How to schedule different thread among the grids?


I am using CUDA to do 3D volume data processing.
The behavior is different and independent along X, Y, Z direction.
So I want to have three different threads running through the data.
Dose CUDA support this?

Or, Let me put in this way: I write three different thread; EdgeDetectX, EdgeDetectY, EdgeDetectZ

if I call the kernel function in such a sequence,
EdgeDetectX<<< grid, threads >>>(d_A, d_B, WIDTH);
EdgeDetectY<<< grid, threads >>>(d_A, d_B, WIDTH);
EdgeDetectZ<<< grid, threads >>>(d_A, d_B, WIDTH);

dose it mean this runs sequentially?

Is there any way I can schedule these three keneral to run at the same time?
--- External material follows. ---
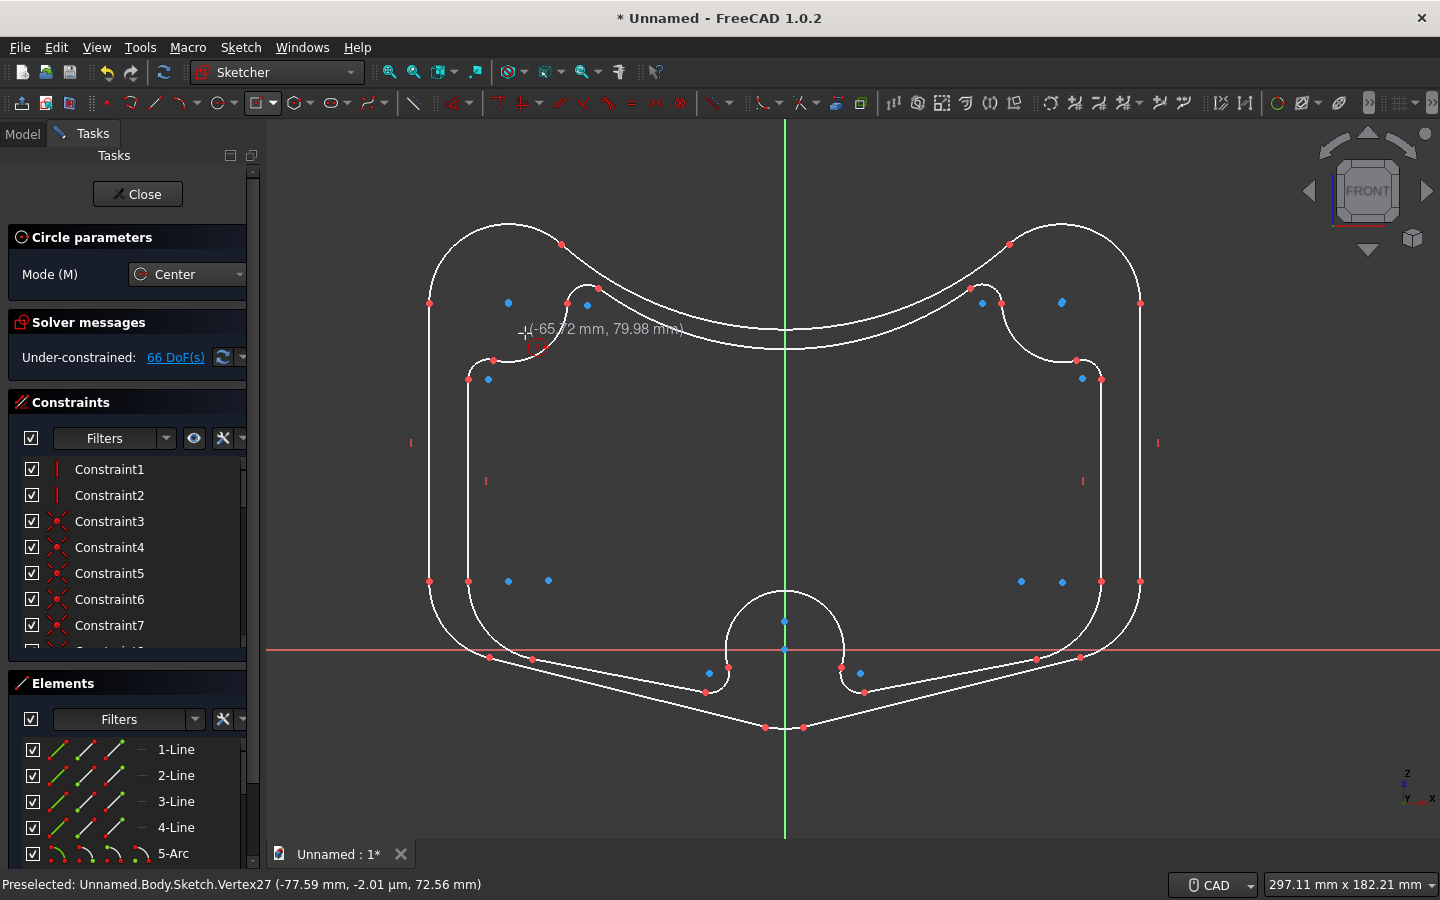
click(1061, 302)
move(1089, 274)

I am new to CUDA. really appreciate you guys’ help. :D

No, kernels can never run at the same time on one GPU.

I’m confused. I thought that that was the purpose of the optional ‘stream’ parameter that you can pass to kernels. Check out the Stream Management section of the programming guide.

It will overlap PCIe transfers and kernel executions, but it won’t overlap execution at the present time. Note that there’s nothing that says we can’t do that in the future, so don’t assume that it will always be this way.